# Palouse Falls



## Oregon Artist (Dec 6, 2013)

Painting of Palouse Falls in Eastern Washington
Arches rough 12X16


----------



## Susan Mulno (Apr 13, 2015)

Where's the "LOVE" button? This is my favorite of yours! :vs_love::vs_love::vs_love:


----------



## kpnuts (Apr 3, 2016)

Very dramatic


----------



## Oregon Artist (Dec 6, 2013)

Susan Mulno said:


> Where's the "LOVE" button? This is my favorite of yours! :vs_love::vs_love::vs_love:


Thanks Susan, I went out there last week with 2 of my sons (300 miles each way!) and hit it at sunset to get the color on the rocks.

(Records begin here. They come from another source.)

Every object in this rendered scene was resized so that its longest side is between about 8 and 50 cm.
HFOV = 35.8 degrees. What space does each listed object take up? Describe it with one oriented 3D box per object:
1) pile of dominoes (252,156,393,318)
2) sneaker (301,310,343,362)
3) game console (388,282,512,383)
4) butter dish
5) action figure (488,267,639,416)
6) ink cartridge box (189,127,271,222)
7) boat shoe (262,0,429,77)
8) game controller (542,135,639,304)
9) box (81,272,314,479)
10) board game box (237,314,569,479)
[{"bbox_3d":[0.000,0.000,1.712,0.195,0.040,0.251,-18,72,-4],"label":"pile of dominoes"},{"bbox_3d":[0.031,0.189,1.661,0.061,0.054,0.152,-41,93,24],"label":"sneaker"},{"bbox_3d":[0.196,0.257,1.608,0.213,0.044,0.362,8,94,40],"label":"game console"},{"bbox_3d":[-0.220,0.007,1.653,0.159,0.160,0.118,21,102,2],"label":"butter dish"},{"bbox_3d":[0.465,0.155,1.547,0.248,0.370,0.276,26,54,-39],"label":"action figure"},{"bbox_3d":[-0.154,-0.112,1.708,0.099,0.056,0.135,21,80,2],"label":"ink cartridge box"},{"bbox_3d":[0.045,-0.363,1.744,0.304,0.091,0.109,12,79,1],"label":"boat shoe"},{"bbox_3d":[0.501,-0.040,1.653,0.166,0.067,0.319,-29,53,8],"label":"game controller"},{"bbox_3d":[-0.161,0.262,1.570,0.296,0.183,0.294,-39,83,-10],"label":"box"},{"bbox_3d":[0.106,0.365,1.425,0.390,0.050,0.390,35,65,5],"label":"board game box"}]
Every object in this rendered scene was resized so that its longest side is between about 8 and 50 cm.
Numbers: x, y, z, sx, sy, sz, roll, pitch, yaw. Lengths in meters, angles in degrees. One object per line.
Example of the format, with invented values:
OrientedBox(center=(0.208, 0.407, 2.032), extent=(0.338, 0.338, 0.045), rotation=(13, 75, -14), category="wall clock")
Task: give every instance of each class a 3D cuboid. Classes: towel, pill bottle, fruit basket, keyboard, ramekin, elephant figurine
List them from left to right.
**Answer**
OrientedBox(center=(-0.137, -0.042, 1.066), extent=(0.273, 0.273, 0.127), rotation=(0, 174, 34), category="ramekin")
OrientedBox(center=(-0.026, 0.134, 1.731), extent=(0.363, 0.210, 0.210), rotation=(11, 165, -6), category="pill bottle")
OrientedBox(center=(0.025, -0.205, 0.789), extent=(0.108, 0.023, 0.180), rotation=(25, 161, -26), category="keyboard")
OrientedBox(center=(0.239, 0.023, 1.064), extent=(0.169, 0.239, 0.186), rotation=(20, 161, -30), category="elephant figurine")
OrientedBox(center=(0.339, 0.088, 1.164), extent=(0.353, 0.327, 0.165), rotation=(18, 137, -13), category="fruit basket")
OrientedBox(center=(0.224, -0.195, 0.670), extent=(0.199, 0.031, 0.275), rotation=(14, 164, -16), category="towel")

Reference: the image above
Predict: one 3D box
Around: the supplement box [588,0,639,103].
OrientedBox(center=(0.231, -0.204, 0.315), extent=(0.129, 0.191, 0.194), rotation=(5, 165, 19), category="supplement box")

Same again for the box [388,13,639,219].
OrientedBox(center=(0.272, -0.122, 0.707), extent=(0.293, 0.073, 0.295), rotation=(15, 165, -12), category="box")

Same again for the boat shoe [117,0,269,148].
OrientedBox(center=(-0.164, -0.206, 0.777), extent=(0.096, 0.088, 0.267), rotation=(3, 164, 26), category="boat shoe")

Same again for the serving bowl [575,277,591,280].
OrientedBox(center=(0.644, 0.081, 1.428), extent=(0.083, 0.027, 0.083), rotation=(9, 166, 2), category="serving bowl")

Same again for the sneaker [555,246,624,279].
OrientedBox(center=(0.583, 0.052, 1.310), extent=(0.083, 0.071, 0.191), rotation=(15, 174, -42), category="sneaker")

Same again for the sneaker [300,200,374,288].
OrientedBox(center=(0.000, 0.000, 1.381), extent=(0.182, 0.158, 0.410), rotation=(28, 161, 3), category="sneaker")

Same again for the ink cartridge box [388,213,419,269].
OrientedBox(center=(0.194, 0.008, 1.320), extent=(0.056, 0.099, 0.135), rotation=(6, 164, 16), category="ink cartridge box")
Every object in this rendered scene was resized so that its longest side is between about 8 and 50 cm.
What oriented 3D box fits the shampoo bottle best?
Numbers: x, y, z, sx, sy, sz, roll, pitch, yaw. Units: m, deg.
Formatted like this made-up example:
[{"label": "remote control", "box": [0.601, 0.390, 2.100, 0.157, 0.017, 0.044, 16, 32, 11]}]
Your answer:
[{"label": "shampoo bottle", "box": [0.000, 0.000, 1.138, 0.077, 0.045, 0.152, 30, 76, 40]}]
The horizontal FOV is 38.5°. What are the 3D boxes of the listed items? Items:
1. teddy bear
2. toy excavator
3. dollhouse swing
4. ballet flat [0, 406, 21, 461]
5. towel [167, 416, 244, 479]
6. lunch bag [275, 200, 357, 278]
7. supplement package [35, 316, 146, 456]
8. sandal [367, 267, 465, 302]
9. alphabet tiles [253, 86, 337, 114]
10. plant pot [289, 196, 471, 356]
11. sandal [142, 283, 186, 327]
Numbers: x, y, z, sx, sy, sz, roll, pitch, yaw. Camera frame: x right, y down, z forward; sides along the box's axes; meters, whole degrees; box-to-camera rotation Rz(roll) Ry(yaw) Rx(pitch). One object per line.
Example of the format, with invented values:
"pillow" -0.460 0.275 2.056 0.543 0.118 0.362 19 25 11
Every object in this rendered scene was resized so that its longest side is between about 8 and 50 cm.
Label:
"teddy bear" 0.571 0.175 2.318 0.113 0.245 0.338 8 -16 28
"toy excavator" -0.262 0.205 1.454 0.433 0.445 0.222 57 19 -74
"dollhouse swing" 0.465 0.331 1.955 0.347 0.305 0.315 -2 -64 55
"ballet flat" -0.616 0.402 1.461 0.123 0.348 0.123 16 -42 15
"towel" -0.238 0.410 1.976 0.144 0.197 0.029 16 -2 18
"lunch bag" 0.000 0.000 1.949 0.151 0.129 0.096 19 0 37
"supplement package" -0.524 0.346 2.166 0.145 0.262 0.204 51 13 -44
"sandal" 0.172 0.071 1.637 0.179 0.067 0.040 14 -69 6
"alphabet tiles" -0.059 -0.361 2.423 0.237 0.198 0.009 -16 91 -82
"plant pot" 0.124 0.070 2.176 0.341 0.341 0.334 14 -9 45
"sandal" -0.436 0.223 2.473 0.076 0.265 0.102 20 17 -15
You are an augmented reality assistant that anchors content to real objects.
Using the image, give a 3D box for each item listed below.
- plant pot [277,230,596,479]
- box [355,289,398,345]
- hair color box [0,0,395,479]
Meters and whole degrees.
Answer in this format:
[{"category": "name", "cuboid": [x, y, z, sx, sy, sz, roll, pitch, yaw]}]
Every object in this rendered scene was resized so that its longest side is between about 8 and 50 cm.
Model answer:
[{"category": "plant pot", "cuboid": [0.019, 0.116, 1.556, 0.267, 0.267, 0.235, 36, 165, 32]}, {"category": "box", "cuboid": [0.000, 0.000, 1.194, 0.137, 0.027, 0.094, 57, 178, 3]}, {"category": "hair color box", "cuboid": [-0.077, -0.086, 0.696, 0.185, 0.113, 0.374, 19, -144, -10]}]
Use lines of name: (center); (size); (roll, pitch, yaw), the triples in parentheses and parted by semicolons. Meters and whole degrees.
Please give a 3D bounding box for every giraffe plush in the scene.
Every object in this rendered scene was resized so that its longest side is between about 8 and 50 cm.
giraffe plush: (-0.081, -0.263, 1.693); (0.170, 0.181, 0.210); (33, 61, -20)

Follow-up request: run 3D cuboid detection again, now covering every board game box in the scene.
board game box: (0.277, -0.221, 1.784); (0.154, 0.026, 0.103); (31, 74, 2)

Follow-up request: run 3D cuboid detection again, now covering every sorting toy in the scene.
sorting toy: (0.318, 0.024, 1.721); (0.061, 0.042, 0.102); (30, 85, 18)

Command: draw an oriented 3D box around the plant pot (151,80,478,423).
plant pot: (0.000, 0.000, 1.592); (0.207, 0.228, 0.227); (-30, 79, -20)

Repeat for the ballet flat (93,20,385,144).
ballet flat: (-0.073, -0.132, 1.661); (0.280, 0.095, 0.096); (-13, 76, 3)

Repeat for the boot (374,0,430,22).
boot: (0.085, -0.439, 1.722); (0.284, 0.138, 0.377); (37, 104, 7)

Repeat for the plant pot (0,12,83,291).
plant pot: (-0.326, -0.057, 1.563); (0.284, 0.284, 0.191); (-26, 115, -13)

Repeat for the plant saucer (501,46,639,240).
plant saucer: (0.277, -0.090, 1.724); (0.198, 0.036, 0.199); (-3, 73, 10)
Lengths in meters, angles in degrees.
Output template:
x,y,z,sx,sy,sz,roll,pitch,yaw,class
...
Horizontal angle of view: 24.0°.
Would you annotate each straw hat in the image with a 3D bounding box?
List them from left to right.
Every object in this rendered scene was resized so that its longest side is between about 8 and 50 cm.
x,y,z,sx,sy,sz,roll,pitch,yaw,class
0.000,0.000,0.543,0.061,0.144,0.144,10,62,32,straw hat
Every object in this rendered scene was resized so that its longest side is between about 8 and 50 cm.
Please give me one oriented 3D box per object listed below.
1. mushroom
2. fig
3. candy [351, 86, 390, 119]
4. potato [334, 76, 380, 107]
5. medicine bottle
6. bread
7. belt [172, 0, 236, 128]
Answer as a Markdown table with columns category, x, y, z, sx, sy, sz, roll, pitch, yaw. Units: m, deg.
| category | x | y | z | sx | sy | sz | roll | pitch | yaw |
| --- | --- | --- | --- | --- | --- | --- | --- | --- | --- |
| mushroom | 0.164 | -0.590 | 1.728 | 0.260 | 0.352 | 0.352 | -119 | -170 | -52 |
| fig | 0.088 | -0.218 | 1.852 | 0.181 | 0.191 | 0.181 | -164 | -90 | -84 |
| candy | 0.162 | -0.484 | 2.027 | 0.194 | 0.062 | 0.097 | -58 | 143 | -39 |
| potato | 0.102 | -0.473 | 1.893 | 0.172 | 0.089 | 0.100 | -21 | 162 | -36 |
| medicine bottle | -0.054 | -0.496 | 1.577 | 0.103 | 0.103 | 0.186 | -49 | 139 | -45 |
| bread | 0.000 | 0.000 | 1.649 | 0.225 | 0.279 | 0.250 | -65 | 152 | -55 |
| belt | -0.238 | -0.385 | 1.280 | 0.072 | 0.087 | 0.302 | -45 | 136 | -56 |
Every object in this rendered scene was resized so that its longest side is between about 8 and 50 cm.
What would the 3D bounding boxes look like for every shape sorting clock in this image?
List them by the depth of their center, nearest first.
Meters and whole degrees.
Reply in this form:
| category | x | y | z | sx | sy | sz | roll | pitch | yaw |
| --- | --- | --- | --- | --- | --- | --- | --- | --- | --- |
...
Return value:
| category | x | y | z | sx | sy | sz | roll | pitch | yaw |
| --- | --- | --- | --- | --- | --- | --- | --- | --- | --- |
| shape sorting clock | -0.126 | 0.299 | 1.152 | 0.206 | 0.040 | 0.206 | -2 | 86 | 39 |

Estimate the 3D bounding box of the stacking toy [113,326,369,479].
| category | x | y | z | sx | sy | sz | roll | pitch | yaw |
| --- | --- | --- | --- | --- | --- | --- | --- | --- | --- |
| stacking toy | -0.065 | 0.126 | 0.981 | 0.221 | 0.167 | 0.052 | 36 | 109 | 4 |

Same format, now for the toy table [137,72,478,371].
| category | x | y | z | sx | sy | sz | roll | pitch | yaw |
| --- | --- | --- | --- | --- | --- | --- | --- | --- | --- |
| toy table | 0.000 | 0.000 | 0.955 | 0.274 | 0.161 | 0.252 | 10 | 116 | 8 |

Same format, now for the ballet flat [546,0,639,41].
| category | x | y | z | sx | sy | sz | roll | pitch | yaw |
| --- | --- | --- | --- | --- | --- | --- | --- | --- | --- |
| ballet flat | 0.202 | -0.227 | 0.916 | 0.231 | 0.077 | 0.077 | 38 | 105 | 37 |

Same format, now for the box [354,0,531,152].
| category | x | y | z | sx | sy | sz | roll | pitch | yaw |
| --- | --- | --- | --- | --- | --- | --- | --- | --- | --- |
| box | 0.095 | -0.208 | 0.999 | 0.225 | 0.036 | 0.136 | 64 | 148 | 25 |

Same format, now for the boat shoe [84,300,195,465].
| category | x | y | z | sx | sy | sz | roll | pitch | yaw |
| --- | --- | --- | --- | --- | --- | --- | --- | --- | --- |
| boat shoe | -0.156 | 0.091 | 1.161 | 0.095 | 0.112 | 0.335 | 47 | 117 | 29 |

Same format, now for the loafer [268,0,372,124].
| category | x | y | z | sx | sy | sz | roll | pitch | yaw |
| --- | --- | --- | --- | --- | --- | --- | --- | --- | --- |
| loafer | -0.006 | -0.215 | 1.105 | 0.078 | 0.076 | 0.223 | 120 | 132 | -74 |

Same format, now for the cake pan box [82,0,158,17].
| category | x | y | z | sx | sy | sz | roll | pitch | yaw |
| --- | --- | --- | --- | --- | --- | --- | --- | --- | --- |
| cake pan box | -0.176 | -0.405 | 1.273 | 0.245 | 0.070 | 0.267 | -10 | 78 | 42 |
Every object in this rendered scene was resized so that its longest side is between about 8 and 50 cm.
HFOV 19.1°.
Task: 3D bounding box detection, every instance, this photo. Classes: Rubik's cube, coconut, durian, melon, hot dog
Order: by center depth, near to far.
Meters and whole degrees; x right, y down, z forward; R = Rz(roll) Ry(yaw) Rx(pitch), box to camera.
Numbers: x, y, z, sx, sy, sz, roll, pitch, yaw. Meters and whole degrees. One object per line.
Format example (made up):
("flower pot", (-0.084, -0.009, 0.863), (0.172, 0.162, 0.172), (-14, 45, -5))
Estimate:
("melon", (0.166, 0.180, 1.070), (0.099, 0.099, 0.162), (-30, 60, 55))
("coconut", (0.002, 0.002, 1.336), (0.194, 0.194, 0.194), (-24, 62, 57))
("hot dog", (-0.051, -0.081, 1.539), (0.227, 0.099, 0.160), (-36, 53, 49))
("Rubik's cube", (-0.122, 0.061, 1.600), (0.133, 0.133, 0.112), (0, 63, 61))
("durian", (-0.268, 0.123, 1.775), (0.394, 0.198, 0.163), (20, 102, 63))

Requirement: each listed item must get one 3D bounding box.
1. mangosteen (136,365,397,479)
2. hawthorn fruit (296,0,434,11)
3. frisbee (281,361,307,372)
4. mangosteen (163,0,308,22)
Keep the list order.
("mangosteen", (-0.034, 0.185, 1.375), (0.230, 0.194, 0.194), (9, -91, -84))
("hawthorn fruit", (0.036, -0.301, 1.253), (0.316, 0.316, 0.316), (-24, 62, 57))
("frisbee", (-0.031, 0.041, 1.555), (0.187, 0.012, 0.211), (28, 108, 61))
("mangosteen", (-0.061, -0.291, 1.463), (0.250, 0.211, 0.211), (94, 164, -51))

Here is a photo showing a wider view.


----------



## Susan Mulno (Apr 13, 2015)

It was worth the trip!


----------



## dickhutchings (Oct 6, 2015)

I think you painted the beauty that a photograph would never have shown.


----------



## SuddenLife (Jun 2, 2015)

Very lovely! Great work ^^


----------



## Liz (Jan 10, 2015)

Wow, fantastic!


----------



## TerryCurley (Jan 4, 2015)

Really nice. I like that you gave the water more color than the photo, it makes the painting pop.


----------